Flexitricity also provides the route to market for large front-of-the-meter assets, including the recently announced partnership with Gresham House that will see Flexitricity optimise their 50MW/75MWh Thurcroft battery storage site – thought to be the biggest in the UK.

The landmark figure was reached with the addition of a site offering 15MW of turn-down for National Grid’s new Operational Downward Flexibility Management service (ODFM).

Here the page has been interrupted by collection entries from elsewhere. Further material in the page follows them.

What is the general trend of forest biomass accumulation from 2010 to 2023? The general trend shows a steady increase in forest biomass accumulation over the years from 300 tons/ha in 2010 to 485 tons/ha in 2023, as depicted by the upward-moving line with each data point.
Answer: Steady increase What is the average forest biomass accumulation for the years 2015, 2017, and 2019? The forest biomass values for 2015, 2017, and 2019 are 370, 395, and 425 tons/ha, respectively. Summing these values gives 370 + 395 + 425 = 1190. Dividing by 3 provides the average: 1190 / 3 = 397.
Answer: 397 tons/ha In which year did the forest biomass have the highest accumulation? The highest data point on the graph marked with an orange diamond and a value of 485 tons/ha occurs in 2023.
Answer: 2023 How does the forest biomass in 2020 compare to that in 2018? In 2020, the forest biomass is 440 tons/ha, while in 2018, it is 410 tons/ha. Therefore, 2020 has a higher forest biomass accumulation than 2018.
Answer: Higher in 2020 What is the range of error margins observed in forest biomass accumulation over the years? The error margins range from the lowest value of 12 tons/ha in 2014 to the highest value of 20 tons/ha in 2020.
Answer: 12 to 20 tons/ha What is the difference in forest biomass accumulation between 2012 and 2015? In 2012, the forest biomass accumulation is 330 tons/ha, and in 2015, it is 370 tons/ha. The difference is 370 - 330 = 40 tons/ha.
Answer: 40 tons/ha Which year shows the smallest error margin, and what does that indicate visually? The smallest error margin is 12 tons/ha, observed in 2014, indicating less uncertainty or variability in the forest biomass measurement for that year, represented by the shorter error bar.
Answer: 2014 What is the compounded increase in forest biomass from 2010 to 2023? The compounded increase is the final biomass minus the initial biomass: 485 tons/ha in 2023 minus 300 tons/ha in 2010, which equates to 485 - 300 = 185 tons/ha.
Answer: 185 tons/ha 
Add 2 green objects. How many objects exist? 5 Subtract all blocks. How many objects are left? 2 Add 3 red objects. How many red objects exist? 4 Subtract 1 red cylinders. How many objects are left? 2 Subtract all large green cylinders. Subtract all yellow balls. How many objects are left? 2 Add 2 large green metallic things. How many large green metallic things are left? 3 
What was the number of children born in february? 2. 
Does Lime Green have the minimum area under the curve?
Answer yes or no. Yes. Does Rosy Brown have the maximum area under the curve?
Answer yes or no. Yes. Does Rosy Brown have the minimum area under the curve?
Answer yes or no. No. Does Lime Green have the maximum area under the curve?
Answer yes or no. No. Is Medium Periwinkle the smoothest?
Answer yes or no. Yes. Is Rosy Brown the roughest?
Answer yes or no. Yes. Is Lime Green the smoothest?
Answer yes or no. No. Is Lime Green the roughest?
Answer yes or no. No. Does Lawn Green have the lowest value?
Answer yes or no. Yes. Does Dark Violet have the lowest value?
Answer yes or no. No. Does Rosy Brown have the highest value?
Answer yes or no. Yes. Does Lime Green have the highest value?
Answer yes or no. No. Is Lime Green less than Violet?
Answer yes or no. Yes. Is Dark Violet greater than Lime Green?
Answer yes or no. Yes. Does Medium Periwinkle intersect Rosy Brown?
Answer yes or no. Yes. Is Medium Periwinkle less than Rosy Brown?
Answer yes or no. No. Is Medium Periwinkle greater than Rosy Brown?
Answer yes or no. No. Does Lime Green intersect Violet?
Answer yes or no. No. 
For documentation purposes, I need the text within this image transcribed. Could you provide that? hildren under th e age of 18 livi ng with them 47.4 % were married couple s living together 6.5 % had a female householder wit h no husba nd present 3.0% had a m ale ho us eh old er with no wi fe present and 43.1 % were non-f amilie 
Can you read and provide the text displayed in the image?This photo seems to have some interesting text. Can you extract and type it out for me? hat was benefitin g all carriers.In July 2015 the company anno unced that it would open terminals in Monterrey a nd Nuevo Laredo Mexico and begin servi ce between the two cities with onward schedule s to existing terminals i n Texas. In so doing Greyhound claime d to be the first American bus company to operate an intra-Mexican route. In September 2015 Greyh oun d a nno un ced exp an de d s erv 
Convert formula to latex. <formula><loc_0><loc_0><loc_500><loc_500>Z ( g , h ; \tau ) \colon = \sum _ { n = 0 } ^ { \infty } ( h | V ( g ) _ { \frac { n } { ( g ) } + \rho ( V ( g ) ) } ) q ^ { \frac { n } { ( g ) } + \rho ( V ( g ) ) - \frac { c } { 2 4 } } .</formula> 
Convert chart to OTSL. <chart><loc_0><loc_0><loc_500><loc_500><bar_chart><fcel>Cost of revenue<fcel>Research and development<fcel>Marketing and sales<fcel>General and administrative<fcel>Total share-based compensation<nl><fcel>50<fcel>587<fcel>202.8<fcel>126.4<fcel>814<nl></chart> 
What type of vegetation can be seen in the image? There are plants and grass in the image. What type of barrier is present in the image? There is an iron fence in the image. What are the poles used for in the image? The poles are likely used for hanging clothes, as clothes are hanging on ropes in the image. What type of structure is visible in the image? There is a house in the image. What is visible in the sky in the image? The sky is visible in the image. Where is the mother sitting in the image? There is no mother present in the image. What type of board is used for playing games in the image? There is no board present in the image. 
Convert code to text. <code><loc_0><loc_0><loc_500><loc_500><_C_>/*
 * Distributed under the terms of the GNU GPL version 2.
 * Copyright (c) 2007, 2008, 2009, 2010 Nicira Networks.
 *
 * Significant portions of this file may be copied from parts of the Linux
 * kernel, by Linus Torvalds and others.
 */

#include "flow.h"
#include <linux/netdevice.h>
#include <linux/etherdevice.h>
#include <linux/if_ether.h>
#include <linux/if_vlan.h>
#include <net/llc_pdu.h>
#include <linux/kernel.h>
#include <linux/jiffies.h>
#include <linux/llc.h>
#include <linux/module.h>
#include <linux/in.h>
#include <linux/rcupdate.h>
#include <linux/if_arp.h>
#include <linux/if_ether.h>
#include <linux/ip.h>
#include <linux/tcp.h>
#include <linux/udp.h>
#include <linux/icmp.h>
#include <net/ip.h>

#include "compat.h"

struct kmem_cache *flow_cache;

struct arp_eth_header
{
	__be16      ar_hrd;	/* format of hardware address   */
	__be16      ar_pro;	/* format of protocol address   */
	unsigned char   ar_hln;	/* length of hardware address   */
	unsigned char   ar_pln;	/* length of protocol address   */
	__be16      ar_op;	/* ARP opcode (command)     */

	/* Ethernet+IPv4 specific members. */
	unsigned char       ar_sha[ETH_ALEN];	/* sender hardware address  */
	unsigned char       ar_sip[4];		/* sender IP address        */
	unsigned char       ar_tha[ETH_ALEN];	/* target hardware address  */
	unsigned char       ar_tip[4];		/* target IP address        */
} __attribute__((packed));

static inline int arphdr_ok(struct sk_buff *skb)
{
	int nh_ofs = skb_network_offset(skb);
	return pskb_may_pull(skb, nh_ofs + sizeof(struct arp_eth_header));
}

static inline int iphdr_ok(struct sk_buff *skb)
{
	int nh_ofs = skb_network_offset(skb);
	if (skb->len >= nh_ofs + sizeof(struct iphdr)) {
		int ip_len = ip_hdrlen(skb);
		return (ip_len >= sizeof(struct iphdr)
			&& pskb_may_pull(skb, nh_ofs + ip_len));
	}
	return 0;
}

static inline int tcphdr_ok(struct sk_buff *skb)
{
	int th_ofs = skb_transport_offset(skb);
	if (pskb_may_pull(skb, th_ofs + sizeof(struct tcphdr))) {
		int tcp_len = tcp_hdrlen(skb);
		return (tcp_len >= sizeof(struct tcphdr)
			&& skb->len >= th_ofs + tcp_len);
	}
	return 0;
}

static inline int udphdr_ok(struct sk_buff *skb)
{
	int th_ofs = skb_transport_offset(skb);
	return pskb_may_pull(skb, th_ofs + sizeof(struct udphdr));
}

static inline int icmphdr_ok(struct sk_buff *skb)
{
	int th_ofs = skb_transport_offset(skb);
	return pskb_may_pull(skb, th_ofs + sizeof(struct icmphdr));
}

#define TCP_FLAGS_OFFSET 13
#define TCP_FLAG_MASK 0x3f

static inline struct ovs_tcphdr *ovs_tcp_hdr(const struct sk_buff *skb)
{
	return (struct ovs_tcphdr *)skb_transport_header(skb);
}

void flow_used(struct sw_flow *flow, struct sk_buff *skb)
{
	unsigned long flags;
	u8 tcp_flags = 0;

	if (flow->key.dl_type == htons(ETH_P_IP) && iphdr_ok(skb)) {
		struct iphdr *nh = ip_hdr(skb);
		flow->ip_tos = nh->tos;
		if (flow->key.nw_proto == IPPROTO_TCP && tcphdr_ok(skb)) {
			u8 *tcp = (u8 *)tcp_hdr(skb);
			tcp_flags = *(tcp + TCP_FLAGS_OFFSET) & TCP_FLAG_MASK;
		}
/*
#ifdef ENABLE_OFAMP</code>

The flexible energy specialist is on a mission to ensure all different types and sizes of flexibility are able to contribute to balancing the Grid and earn from doing so. On 23rd April, Flexitricity completed the first ever trade in the Balancing Mechanism as a Virtual Lead Party (VLP), by dispatching two batteries owned by Philip Dennis Foodservice – a family-owned food wholesaler. The transaction marked an important milestone for the GB energy market, and the new arrangement opens up opportunities for new providers and technologies to benefit.

Next steps for Flexitricity include using electric vehicle charge points and domestic flexibility to help balance the Grid. A smart, flexible power system – one which minimises cost and puts green energy to work – must embrace this type of flexibility. The near-complete electrification of heat and transport is not only an essential part of net zero; it also creates a resource with the capability to balance itself.

Dr Alastair Martin, Chief Strategy Officer at Flexitricity, said: “Breaking through the 500MW threshold is a big moment for the team at Flexitricity. The last 12 months have been our most successful so far. This demonstrates that there is a huge opportunity for flexible energy users and generators to help the National Grid meet the energy demands of the UK, and to earn from doing so.

“The UK Government has committed to reaching net zero carbon emissions by 2050. Britain is the first major economy to put such a target into legislation.

“Reducing emissions is one thing; committing to eliminate them is quite another. While Flexitricity has been pioneering demand-side flexibility, we’ve seen huge progress right across clean energy. The technologies and systems are now ready to take us to net zero. In particular, by coupling energy efficiency with flexibility, the UK will be able to electrify heat and transport, put green energy to work in British businesses and keep the lights on in a net zero future.

“We expect to see further dramatic growth in the demand response industry throughout this period of change as energy users, distributed generation and battery storage increasingly come together to support the grid and help the UK reach its emissions targets.”